EXERCISE PROMPT: Please repeat the entries word for word and keep the images out.

INPUT MATERIAL:
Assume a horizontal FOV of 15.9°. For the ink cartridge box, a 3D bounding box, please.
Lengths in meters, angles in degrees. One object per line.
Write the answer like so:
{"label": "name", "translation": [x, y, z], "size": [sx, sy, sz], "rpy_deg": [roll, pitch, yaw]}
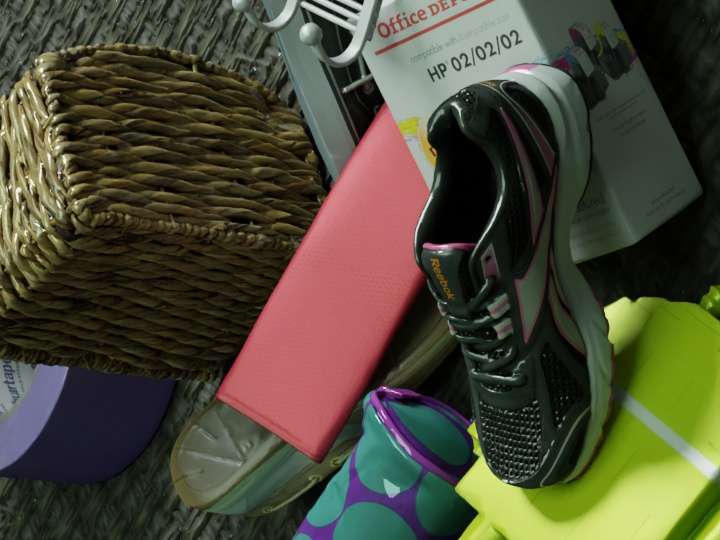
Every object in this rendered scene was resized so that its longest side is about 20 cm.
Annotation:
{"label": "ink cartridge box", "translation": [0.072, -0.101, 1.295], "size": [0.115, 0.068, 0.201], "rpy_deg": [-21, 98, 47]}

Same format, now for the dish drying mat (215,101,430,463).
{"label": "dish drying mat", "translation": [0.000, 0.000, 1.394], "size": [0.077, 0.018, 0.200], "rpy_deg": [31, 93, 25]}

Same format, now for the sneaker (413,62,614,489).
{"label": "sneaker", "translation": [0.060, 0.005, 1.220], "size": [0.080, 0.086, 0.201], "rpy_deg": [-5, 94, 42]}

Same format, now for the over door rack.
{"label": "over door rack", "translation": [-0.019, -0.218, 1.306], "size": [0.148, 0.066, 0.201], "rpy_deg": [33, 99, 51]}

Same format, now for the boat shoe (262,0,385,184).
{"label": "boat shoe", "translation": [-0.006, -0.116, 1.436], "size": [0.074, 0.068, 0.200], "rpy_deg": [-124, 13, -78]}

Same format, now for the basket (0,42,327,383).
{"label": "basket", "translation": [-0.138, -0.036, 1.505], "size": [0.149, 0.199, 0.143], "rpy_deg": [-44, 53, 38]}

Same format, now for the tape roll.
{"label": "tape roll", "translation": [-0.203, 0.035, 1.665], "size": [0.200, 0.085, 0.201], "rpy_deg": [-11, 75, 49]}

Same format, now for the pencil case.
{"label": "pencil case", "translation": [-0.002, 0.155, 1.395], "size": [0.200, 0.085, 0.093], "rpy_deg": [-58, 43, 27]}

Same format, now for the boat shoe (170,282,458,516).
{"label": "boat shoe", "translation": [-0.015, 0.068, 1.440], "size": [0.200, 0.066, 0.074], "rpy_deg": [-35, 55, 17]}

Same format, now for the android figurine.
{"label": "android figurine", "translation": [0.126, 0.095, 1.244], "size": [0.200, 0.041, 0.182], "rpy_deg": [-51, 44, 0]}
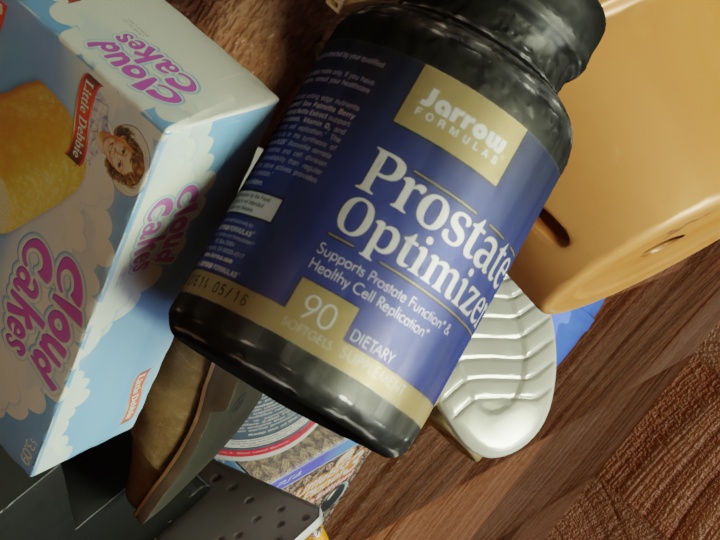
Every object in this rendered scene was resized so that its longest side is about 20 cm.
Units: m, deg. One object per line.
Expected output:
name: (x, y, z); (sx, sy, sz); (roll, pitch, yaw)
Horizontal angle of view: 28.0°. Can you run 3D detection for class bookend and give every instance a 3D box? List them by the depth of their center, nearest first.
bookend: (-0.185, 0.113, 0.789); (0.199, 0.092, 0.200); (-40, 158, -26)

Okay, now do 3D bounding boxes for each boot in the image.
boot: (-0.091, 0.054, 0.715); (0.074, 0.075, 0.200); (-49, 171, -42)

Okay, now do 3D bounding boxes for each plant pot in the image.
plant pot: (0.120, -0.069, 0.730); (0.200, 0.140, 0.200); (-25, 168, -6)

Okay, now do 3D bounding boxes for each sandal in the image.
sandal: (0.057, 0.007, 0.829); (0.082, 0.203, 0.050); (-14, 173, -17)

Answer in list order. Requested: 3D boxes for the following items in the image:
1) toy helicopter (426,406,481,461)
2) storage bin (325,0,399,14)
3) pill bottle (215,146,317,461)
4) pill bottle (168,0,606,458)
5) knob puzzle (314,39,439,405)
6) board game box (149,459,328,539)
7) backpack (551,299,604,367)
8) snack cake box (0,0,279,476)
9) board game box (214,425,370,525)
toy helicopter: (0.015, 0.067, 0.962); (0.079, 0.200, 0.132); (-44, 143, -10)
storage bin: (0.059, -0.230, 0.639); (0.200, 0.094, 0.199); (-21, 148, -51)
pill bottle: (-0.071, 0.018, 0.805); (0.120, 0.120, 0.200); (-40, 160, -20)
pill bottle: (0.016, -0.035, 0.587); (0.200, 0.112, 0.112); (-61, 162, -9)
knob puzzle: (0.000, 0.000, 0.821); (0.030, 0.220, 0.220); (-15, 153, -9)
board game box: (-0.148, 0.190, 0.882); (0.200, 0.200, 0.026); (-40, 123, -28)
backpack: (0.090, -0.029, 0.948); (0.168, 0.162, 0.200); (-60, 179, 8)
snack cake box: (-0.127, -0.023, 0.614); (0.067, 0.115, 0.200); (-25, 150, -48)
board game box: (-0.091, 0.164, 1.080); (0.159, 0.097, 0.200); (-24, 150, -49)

ANSWER AREA:
Assume a horizontal FOV of 15.9°. For the ink cartridge box, a 3D bounding box, please.
Lengths in meters, angles in degrees. One object per line.
Write the answer like so:
{"label": "name", "translation": [x, y, z], "size": [sx, sy, sz], "rpy_deg": [roll, pitch, yaw]}
Every object in this rendered scene was resized so that its longest side is about 20 cm.
Annotation:
{"label": "ink cartridge box", "translation": [0.072, -0.101, 1.295], "size": [0.115, 0.068, 0.201], "rpy_deg": [-21, 98, 47]}

Same format, now for the dish drying mat (215,101,430,463).
{"label": "dish drying mat", "translation": [0.000, 0.000, 1.394], "size": [0.077, 0.018, 0.200], "rpy_deg": [31, 93, 25]}

Same format, now for the sneaker (413,62,614,489).
{"label": "sneaker", "translation": [0.060, 0.005, 1.220], "size": [0.080, 0.086, 0.201], "rpy_deg": [-5, 94, 42]}

Same format, now for the over door rack.
{"label": "over door rack", "translation": [-0.019, -0.218, 1.306], "size": [0.148, 0.066, 0.201], "rpy_deg": [33, 99, 51]}

Same format, now for the boat shoe (262,0,385,184).
{"label": "boat shoe", "translation": [-0.006, -0.116, 1.436], "size": [0.074, 0.068, 0.200], "rpy_deg": [-124, 13, -78]}

Same format, now for the basket (0,42,327,383).
{"label": "basket", "translation": [-0.138, -0.036, 1.505], "size": [0.149, 0.199, 0.143], "rpy_deg": [-44, 53, 38]}

Same format, now for the tape roll.
{"label": "tape roll", "translation": [-0.203, 0.035, 1.665], "size": [0.200, 0.085, 0.201], "rpy_deg": [-11, 75, 49]}

Same format, now for the pencil case.
{"label": "pencil case", "translation": [-0.002, 0.155, 1.395], "size": [0.200, 0.085, 0.093], "rpy_deg": [-58, 43, 27]}

Same format, now for the boat shoe (170,282,458,516).
{"label": "boat shoe", "translation": [-0.015, 0.068, 1.440], "size": [0.200, 0.066, 0.074], "rpy_deg": [-35, 55, 17]}

Same format, now for the android figurine.
{"label": "android figurine", "translation": [0.126, 0.095, 1.244], "size": [0.200, 0.041, 0.182], "rpy_deg": [-51, 44, 0]}
Every object in this rendered scene was resized so that its longest side is about 20 cm.
Units: m, deg. One object per line.
Expected output:
name: (x, y, z); (sx, sy, sz); (roll, pitch, yaw)
Horizontal angle of view: 28.0°. Can you run 3D detection for class bookend and give every instance a 3D box? List them by the depth of their center, nearest first.
bookend: (-0.185, 0.113, 0.789); (0.199, 0.092, 0.200); (-40, 158, -26)

Okay, now do 3D bounding boxes for each boot in the image.
boot: (-0.091, 0.054, 0.715); (0.074, 0.075, 0.200); (-49, 171, -42)

Okay, now do 3D bounding boxes for each plant pot in the image.
plant pot: (0.120, -0.069, 0.730); (0.200, 0.140, 0.200); (-25, 168, -6)

Okay, now do 3D bounding boxes for each sandal in the image.
sandal: (0.057, 0.007, 0.829); (0.082, 0.203, 0.050); (-14, 173, -17)

Answer in list order. Requested: 3D boxes for the following items in the image:
1) toy helicopter (426,406,481,461)
2) storage bin (325,0,399,14)
3) pill bottle (215,146,317,461)
4) pill bottle (168,0,606,458)
5) knob puzzle (314,39,439,405)
6) board game box (149,459,328,539)
7) backpack (551,299,604,367)
8) snack cake box (0,0,279,476)
9) board game box (214,425,370,525)
toy helicopter: (0.015, 0.067, 0.962); (0.079, 0.200, 0.132); (-44, 143, -10)
storage bin: (0.059, -0.230, 0.639); (0.200, 0.094, 0.199); (-21, 148, -51)
pill bottle: (-0.071, 0.018, 0.805); (0.120, 0.120, 0.200); (-40, 160, -20)
pill bottle: (0.016, -0.035, 0.587); (0.200, 0.112, 0.112); (-61, 162, -9)
knob puzzle: (0.000, 0.000, 0.821); (0.030, 0.220, 0.220); (-15, 153, -9)
board game box: (-0.148, 0.190, 0.882); (0.200, 0.200, 0.026); (-40, 123, -28)
backpack: (0.090, -0.029, 0.948); (0.168, 0.162, 0.200); (-60, 179, 8)
snack cake box: (-0.127, -0.023, 0.614); (0.067, 0.115, 0.200); (-25, 150, -48)
board game box: (-0.091, 0.164, 1.080); (0.159, 0.097, 0.200); (-24, 150, -49)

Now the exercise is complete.